Please give an exact copy of every line from the one holding "Answer: 31-45 (30.4%" through the final line of the records below.

Dataset entries
===

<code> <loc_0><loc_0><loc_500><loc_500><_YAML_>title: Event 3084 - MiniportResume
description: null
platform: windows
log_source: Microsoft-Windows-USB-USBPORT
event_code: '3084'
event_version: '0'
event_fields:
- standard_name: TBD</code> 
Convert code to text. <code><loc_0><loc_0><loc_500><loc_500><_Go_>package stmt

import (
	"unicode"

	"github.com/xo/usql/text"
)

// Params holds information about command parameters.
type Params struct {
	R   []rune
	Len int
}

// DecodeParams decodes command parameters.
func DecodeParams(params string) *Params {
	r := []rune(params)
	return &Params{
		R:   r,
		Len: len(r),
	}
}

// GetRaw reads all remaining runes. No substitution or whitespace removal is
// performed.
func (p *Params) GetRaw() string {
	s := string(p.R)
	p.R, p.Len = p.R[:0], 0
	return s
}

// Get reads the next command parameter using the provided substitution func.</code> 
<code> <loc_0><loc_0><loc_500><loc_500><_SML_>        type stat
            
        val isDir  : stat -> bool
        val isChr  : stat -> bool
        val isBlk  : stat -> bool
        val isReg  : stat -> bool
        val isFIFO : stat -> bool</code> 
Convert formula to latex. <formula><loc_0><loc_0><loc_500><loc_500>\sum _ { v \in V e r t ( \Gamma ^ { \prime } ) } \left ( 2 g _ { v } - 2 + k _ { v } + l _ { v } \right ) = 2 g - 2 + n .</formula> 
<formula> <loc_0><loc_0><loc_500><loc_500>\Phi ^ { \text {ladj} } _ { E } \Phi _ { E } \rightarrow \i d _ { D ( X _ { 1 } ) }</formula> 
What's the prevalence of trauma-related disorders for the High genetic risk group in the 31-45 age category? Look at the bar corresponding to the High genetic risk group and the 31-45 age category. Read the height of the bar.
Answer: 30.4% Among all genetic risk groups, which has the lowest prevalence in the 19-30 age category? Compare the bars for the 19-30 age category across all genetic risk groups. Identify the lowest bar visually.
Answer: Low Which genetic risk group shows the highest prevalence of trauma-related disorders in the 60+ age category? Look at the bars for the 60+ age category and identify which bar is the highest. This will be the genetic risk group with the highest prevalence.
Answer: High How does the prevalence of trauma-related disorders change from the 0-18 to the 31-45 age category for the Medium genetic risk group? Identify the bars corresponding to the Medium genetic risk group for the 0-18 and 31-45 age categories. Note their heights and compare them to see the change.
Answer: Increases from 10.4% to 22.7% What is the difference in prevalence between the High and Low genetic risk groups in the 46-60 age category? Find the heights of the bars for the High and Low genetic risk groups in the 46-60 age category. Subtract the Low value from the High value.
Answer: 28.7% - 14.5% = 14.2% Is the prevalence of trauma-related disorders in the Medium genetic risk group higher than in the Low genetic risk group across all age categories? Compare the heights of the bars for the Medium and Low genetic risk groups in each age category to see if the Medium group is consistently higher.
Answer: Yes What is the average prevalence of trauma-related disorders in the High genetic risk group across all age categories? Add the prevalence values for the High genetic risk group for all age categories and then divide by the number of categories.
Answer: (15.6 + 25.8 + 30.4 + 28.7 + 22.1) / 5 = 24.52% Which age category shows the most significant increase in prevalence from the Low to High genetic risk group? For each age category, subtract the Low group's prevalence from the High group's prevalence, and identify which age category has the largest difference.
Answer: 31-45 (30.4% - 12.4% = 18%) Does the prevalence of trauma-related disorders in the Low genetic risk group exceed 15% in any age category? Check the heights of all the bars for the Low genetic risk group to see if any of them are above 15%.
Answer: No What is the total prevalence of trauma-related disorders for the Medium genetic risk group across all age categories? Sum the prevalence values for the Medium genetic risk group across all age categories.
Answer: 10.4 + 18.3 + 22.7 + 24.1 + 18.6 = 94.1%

===

» **Answer below**:
Answer: 31-45 (30.4% - 12.4% = 18%) Does the prevalence of trauma-related disorders in the Low genetic risk group exceed 15% in any age category? Check the heights of all the bars for the Low genetic risk group to see if any of them are above 15%.
Answer: No What is the total prevalence of trauma-related disorders for the Medium genetic risk group across all age categories? Sum the prevalence values for the Medium genetic risk group across all age categories.
Answer: 10.4 + 18.3 + 22.7 + 24.1 + 18.6 = 94.1%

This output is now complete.